[Dataset extract Boundary: Start]

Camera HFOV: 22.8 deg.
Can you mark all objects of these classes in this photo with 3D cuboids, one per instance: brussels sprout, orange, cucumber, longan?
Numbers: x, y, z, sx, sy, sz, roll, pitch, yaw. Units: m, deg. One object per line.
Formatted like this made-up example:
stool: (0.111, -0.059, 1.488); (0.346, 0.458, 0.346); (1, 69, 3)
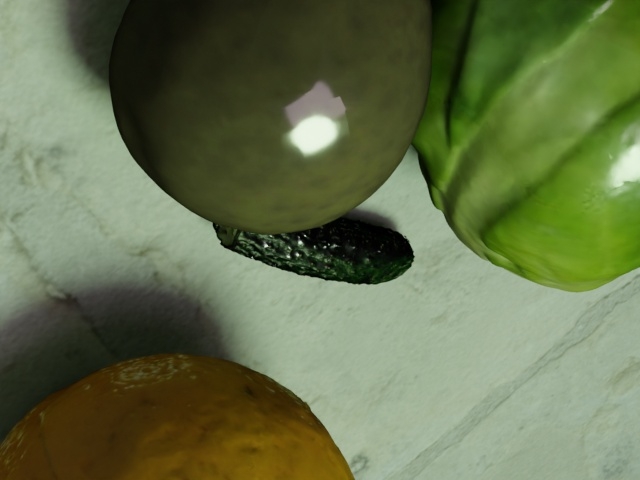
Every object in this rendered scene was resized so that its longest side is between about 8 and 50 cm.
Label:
brussels sprout: (0.202, -0.130, 1.251); (0.315, 0.275, 0.371); (-55, 166, -56)
orange: (-0.127, 0.250, 1.295); (0.340, 0.293, 0.341); (-8, 127, -11)
cucumber: (-0.002, 0.002, 1.359); (0.245, 0.067, 0.067); (20, 109, -46)
longan: (-0.026, -0.125, 1.129); (0.248, 0.248, 0.248); (-21, 133, -24)

[Dataset extract Boundary: End]

Assignment: When you reach the line containing "stool: (0.111, -0.059, 1.488);" in the entries above, please retype it and each line after it through the last one, exactly, without the pictures.

Output:
stool: (0.111, -0.059, 1.488); (0.346, 0.458, 0.346); (1, 69, 3)
Every object in this rendered scene was resized so that its longest side is between about 8 and 50 cm.
Label:
brussels sprout: (0.202, -0.130, 1.251); (0.315, 0.275, 0.371); (-55, 166, -56)
orange: (-0.127, 0.250, 1.295); (0.340, 0.293, 0.341); (-8, 127, -11)
cucumber: (-0.002, 0.002, 1.359); (0.245, 0.067, 0.067); (20, 109, -46)
longan: (-0.026, -0.125, 1.129); (0.248, 0.248, 0.248); (-21, 133, -24)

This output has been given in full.